⚠ Draft preview · not yet published · back to drafts list

·fintech

Tantri's fintech series, Part 1: what your savings account knows about your credit

On May 29, 2025, Tantri sent his own working paper into the WhatsApp group — an algorithm trained on savings-account transactions that out-predicts traditional credit scores. Here's the abstract, the four research questions, and the policy implication, in his words.

  • #fintech
  • #credit-scoring
  • #machine-learning
  • #banking
  • #india
  • #tantri-research
  • #tantri-files

From The Tantri Files — verbatim writing from Prof. Tantri’s WhatsApp messages, with his blessing. On May 29, 2025, he announced the start of a new fintech series and led with his own working paper.


How it started

Tantri (May 29, 1:52 AM).

Starting a series on fintech as promised. I will start with my paper, the first draft I finished just now. The idea is to use savings account transactions to predict loan performance for borrowers not having credit scores.

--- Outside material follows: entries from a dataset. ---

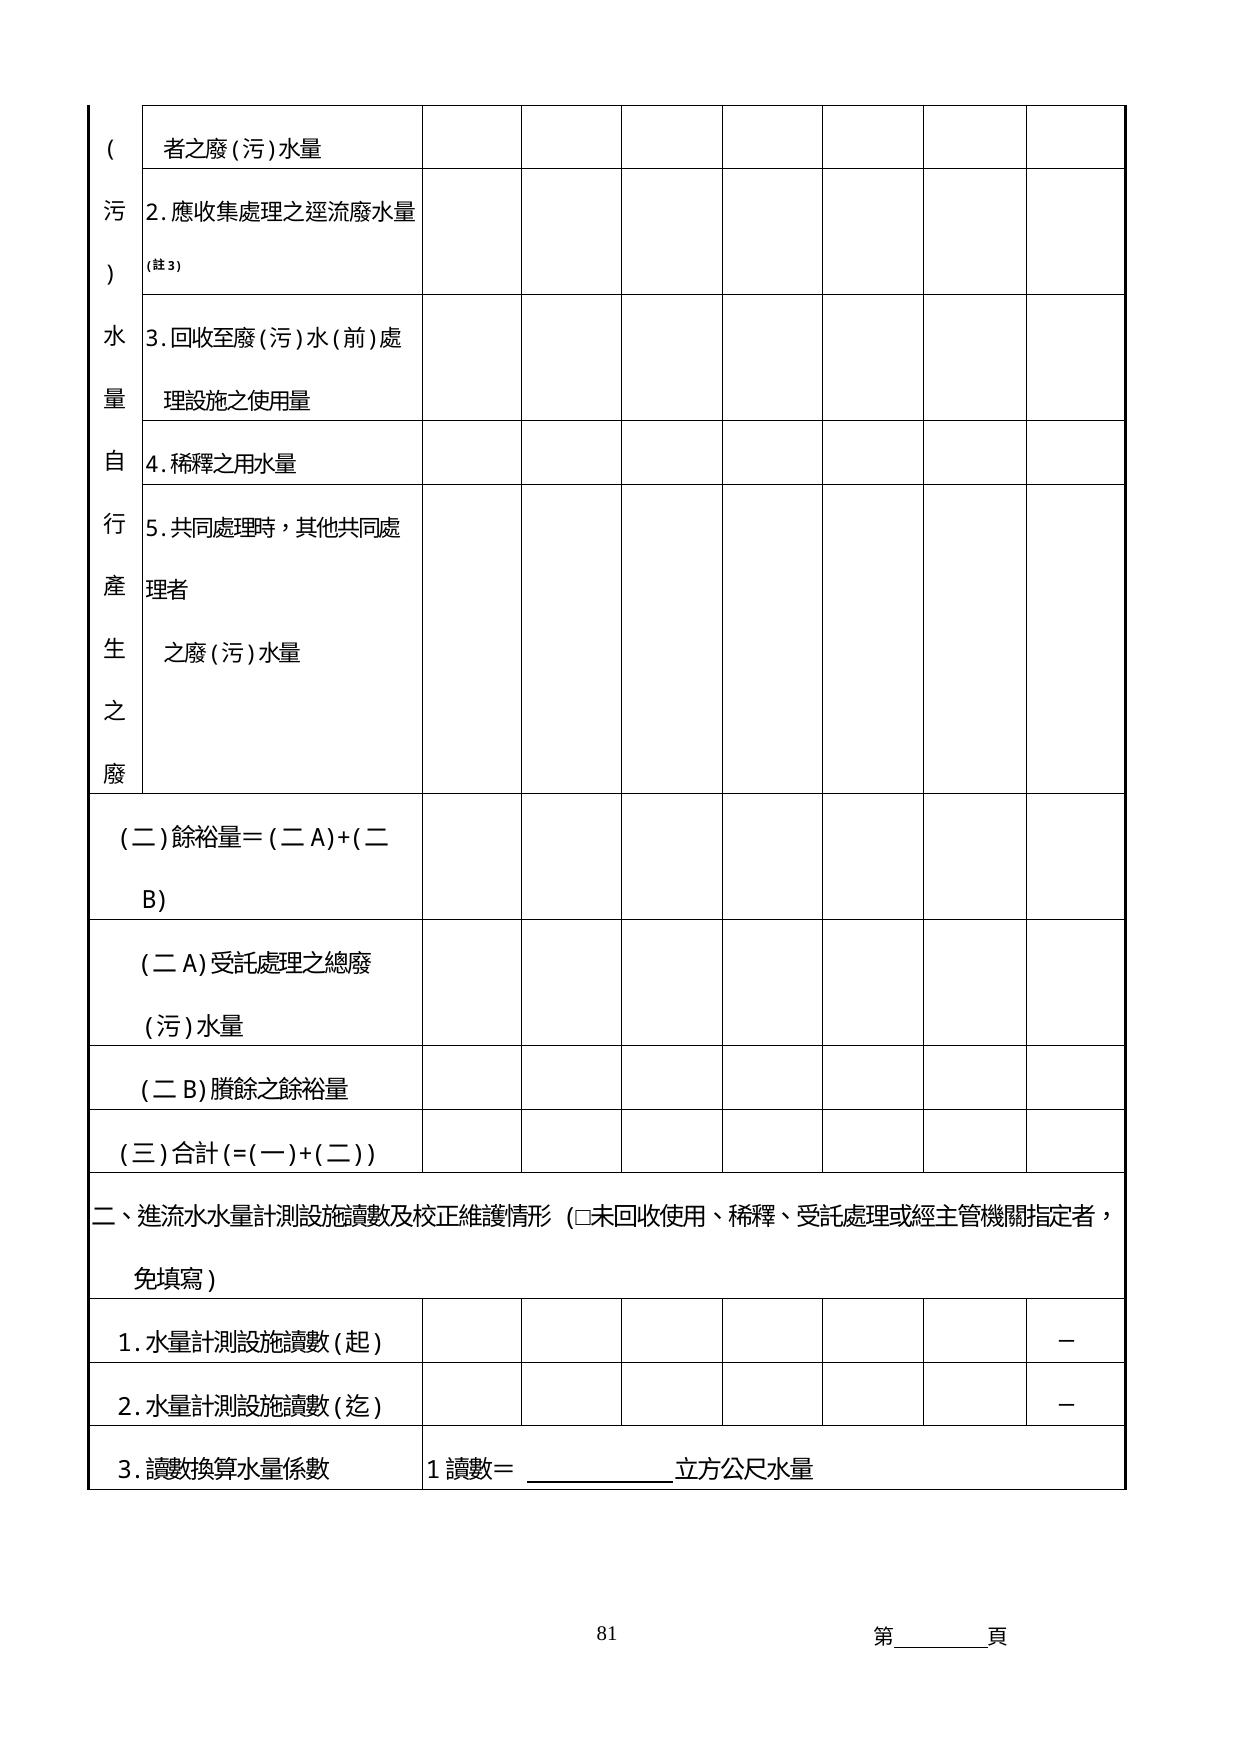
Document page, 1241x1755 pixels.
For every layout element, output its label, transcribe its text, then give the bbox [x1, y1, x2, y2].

table_cell [1027, 169, 1124, 294]
table_cell [1027, 295, 1124, 420]
table_cell [622, 1299, 722, 1362]
table_cell [723, 485, 822, 793]
table_cell [423, 794, 521, 919]
table_cell [723, 794, 822, 919]
table_cell [423, 421, 521, 484]
table_cell [924, 169, 1026, 294]
table_cell [622, 295, 722, 420]
table_cell [723, 295, 822, 420]
table_cell [423, 106, 521, 168]
table_cell [723, 421, 822, 484]
table_cell ─ [1027, 1363, 1124, 1425]
table_cell [924, 106, 1026, 168]
table_cell [423, 1046, 521, 1109]
table_cell [723, 169, 822, 294]
table_cell [1027, 1110, 1124, 1172]
table_cell [924, 794, 1026, 919]
table_cell [823, 106, 923, 168]
table_cell [924, 1046, 1026, 1109]
table_cell (二B)賸餘之餘裕量 [90, 1046, 422, 1109]
table_cell [1027, 1046, 1124, 1109]
table_cell [522, 1363, 621, 1425]
table_cell [924, 1363, 1026, 1425]
table_cell [423, 485, 521, 793]
table_cell [823, 295, 923, 420]
table_cell ─ [1027, 1299, 1124, 1362]
table_cell [924, 1110, 1026, 1172]
table_cell 4.稀釋之用水量 [143, 421, 422, 484]
table_cell [622, 169, 722, 294]
table_cell [924, 485, 1026, 793]
table_cell [1027, 920, 1124, 1045]
table_cell (二)餘裕量＝(二A)+(二B) [90, 794, 422, 919]
table_cell [423, 1299, 521, 1362]
table_cell [823, 920, 923, 1045]
table_cell [924, 920, 1026, 1045]
table_cell [622, 1110, 722, 1172]
table_cell [823, 485, 923, 793]
table_cell [723, 1046, 822, 1109]
table_cell [823, 1046, 923, 1109]
table_cell [723, 1299, 822, 1362]
table_cell [522, 1046, 621, 1109]
table_cell [622, 1363, 722, 1425]
table_cell [522, 421, 621, 484]
table_cell [423, 169, 521, 294]
table_cell [522, 169, 621, 294]
table_cell (三)合計(=(一)+(二)) [90, 1110, 422, 1172]
table_cell [622, 1046, 722, 1109]
table_cell [823, 421, 923, 484]
table_cell [522, 295, 621, 420]
table_cell [622, 106, 722, 168]
table_cell [1027, 485, 1124, 793]
table_cell 5.共同處理時，其他共同處理者 之廢(污)水量 [143, 485, 422, 793]
table_cell [924, 1299, 1026, 1362]
table_cell [423, 920, 521, 1045]
table_cell [823, 169, 923, 294]
table_cell [423, 295, 521, 420]
table_cell [723, 106, 822, 168]
table_cell [622, 485, 722, 793]
table_cell [622, 421, 722, 484]
table_cell [823, 1110, 923, 1172]
table_cell [823, 1363, 923, 1425]
table_cell 者之廢(污)水量 [143, 106, 422, 168]
table_cell [622, 794, 722, 919]
table_cell [622, 920, 722, 1045]
table_cell [924, 295, 1026, 420]
table_cell 3.回收至廢(污)水(前)處理設施之使用量 [143, 295, 422, 420]
table_cell [823, 794, 923, 919]
table_cell 二、進流水水量計測設施讀數及校正維護情形 (□未回收使用、稀釋、受託處理或經主管機關指定者，免填寫) [90, 1173, 1124, 1298]
table_cell [723, 1110, 822, 1172]
table_cell 1讀數＝ 立方公尺水量 [423, 1426, 1124, 1489]
table_cell [423, 1110, 521, 1172]
table_cell 1.水量計測設施讀數(起) [90, 1299, 422, 1362]
table_cell 3.讀數換算水量係數 [90, 1426, 422, 1489]
table_cell [522, 1299, 621, 1362]
table_cell [823, 1299, 923, 1362]
table_cell [522, 1110, 621, 1172]
table_cell [924, 421, 1026, 484]
table_cell [1027, 106, 1124, 168]
table_cell [522, 106, 621, 168]
table_cell [423, 1363, 521, 1425]
table_cell 2.水量計測設施讀數(迄) [90, 1363, 422, 1425]
table_cell [723, 1363, 822, 1425]
table_cell (污)水量 自行產生之廢 [90, 105, 142, 793]
table_cell [522, 794, 621, 919]
table_cell [723, 920, 822, 1045]
table_cell [522, 485, 621, 793]
table_cell (二A)受託處理之總廢(污)水量 [90, 920, 422, 1045]
table_cell [522, 920, 621, 1045]
table_cell [1027, 794, 1124, 919]
table_cell [1027, 421, 1124, 484]
table_cell 2.應收集處理之逕流廢水量(註3) [143, 169, 422, 294]
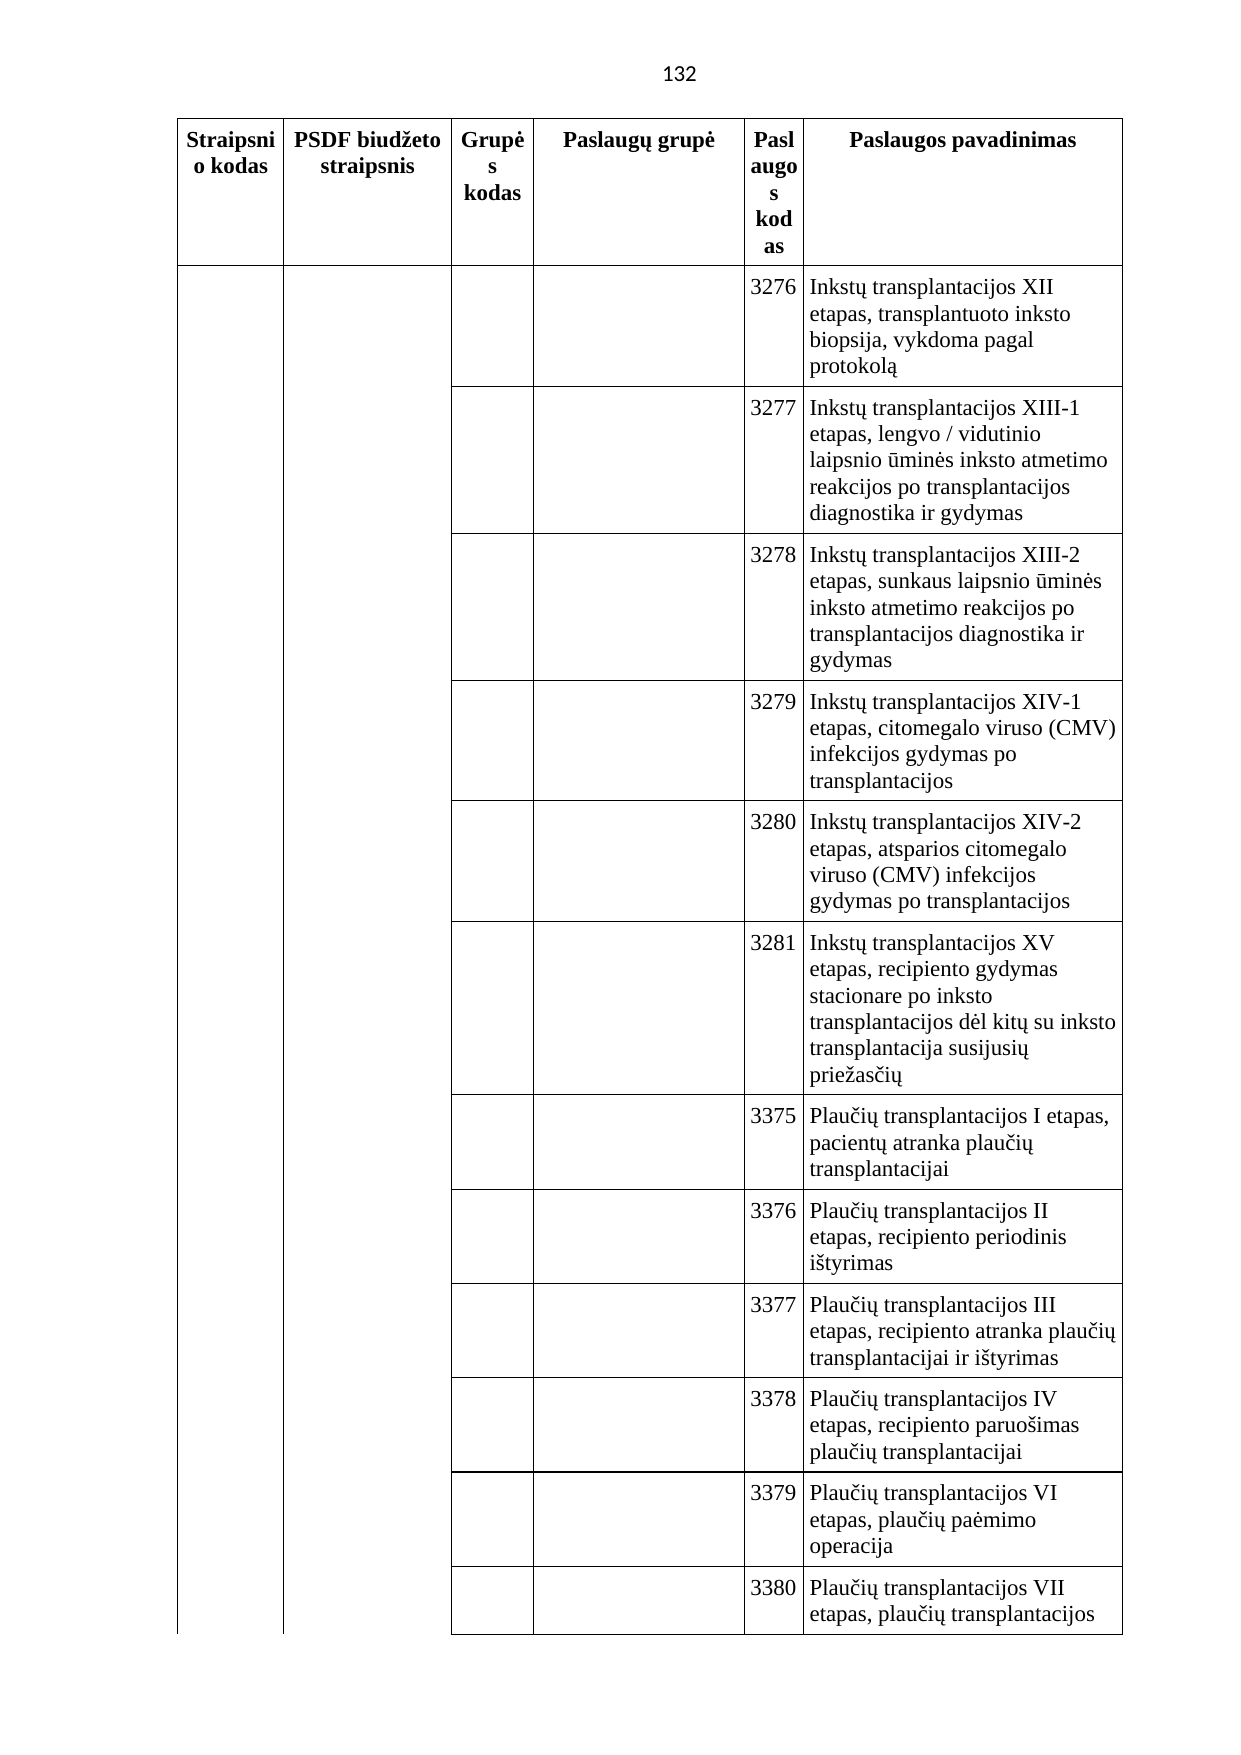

Will write more about this tomorrow. Here is the paper.

He attached the PDF. The next message, sent immediately after, was the abstract.

The abstract — in his words

With the advent of open banking, data on savings transactions are now increasingly available. However, the lack of outcomes for rejected loan applicants — selective labels problem — and filtering of data due to consent requirements introduce selection into screening and monitoring algorithms based on this data.

We overcome these problems using a unique policy experiment where the Indian government forced banks to lend to all street vendors as a part of its post-COVID-19 policy.

Our model that uses savings transactions of all borrowers as inputs achieves an AUC of 77.6 (85.79–93.32). It outperforms models that use only credit scores or borrower demographics. The model also identifies which transactions matter most — recurring inflows, expense volatility, and the timing of large outflows do most of the work.

The four questions the paper asks

A few hours later, Tantri sent the long-form summary of the paper, structured as a walkthrough of four questions. This is reproduced essentially in full.

Question 1 — Do savings transactions before the loan predict loan performance?

First, do savings account transactions before the issue of a loan predict eventual loan performance?

The answer is yes.

An algorithm trained on savings account transactions has an AUC of 75.6. Adding borrower demographics and credit scores increases the AUC to 77.6.

Question 2 — Are savings transactions useful for monitoring after a loan is issued?

Second, is the data on savings account transactions after a loan is issued useful for monitoring?

Again, the answer is yes.

Our monitoring model achieves AUCs between 85.79 and 92.32, depending on the loan month under consideration.

Question 3 — How does the savings-account model compare with credit scores?

Next, we compare the economic impact of savings account data with credit scores and demographic information.

Our analysis that fixes the loan rejection rate at the optimal level applicable to the full-data model that uses all three sources of data shows that using savings account information leads to 46.5% (18.5 to 9.9) lower NPAs when compared to models that do not use savings account data.

Similarly, we also show that the use of savings account data could lead to a reduction in loan rejection rate from 84.6% to 44.5% — a decline of an economically meaningful 47% — without changing the NPA rate.

Question 4 — What does this mean for fintech policy?

The point is open banking practiced well has great potential.

But right now, fintechs are not using this information efficiently.

What this means for the rest of us

Three things to take away from how Tantri framed this paper, even if you never read it:

One. The “credit thin file” problem in India — the millions of borrowers with no formal credit history — is solvable with data the borrowers themselves are already generating. The bottleneck is consent and infrastructure, not signal.

Two. Even when the signal exists, the algorithms have to work around the selective labels problem: lenders only see what happens to the borrowers they actually lent to, which makes any model trained on observed defaults systematically biased. The paper’s policy experiment — the post-COVID rule that forced banks to lend to all street vendors — was the rare moment when this bias could be cleaned out. If you ever build a credit model, this is the trick: find the natural experiment that removes the selection.

Three. The economic effect is large in both directions. You can keep the same default rate and reject 47% fewer borrowers, or keep the same rejection rate and cut NPAs nearly in half. Either tail of that trade-off changes how much credit gets to small businesses in India.

If you want to work in fintech and you’ve been wondering what unsexy, important problem still has room — this is it.


Editor’s notes

The abstract and four research questions are reproduced verbatim from Tantri’s messages in the INFS Co25 WhatsApp group on May 29, 2025. The “what this means” section is editorial commentary, not Tantri’s. The paper itself is Tantri’s own working draft; once it is publicly posted on SSRN we’ll link it here.

Tantri’s continuing fintech series — promised in this announcement — will be added to this page or as separate posts under the tantri-research tag as it appears.